With 85% of organisations lacking full visibility into third-party vendors connected via OAuth apps, the identity problem is already broader than the model itself. AI systems often sit inside delegated access chains, which means governance fails when teams only look at the model boundary. Security and IAM teams should extend threat modeling to the surrounding identities, approvals, and integrations that make the AI useful in the first place.
Model risk and identity risk are converging into one operating problem. That means the next step is not another diagram, but a programme that ties AI access, secrets handling, and workflow approval into one review cycle. Teams that separate those controls will keep missing how AI systems actually reach data and execute actions.
For practitioners
- Build AI threat models around actual data flows Document how prompts, retrieval sources, model outputs, and downstream systems connect before production rollout. Include credentials, API calls, and any tool or workflow dependencies so the review reflects the real attack surface.

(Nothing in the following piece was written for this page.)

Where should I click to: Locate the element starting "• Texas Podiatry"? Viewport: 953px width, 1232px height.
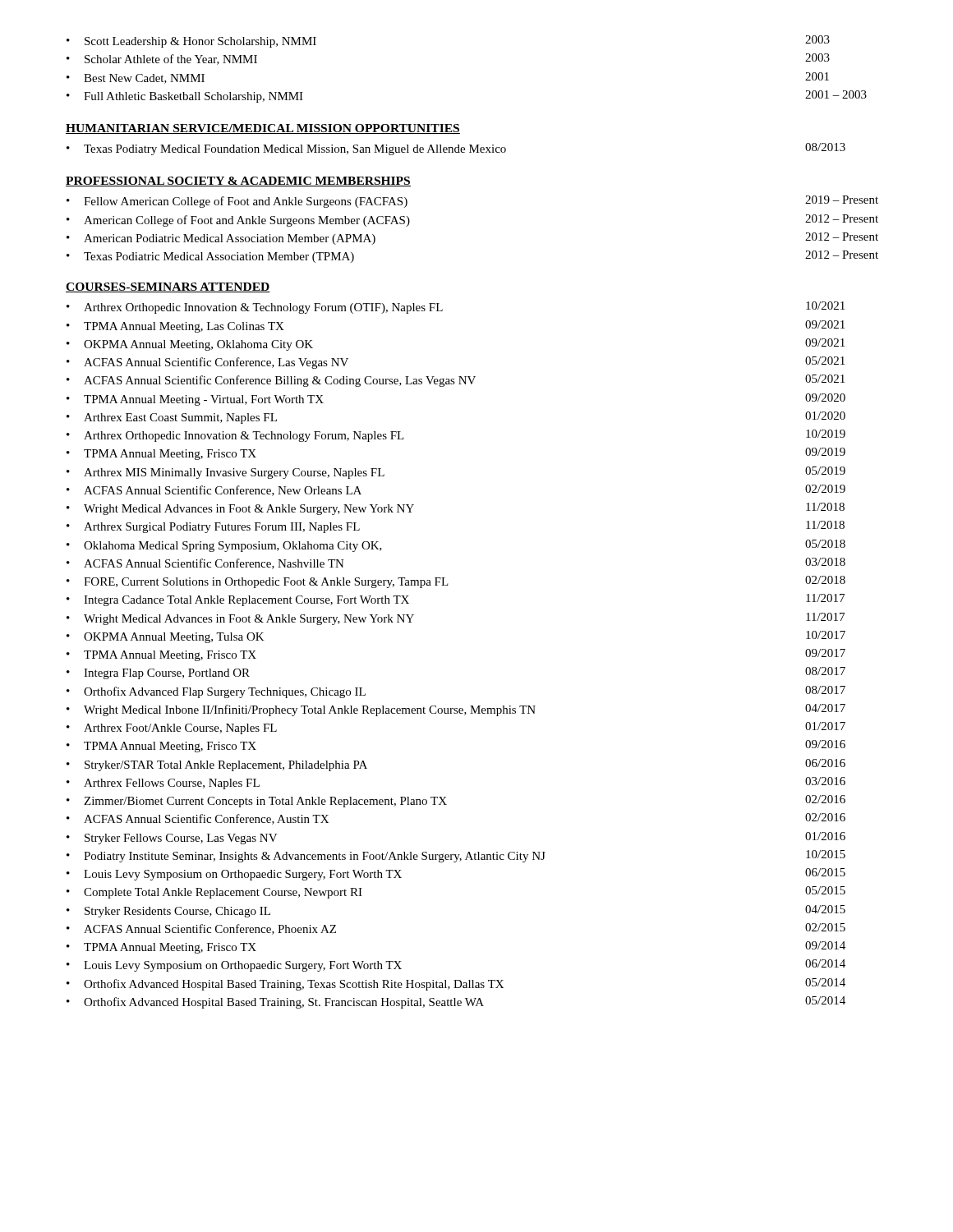point(476,149)

- Classify AI access as a governance control Treat read, write, and action permissions for AI systems like access entitlements. Define what the system can see, what it can influence, and where human approval is required before sensitive actions occur.
- Re-run the threat model after each AI change Update the assessment when prompts change, models are retrained, new tools are added, or connected data sources expand. A stale model is a broken control because the exposure surface moves with the system.
- Test for output leakage and unauthorized inference Exercise the model with adversarial inputs, sensitive prompts, and malformed requests to see whether it reveals protected information or bypasses intended boundaries. Validate both the model and the surrounding access controls.
Key takeaways
- AI threat modeling extends threat analysis into model behavior, data flow, and output abuse, which standard application security does not fully cover.
- The most material AI risks are runtime risks, because prompts, tools, and connected systems can change after initial deployment.
- Security teams should govern AI access, approval boundaries, and data reach as part of identity control, not as a standalone documentation exercise.
Standards & Framework Alignment
This section maps relevant standards and security frameworks to the operational risks and controls described in this guidance.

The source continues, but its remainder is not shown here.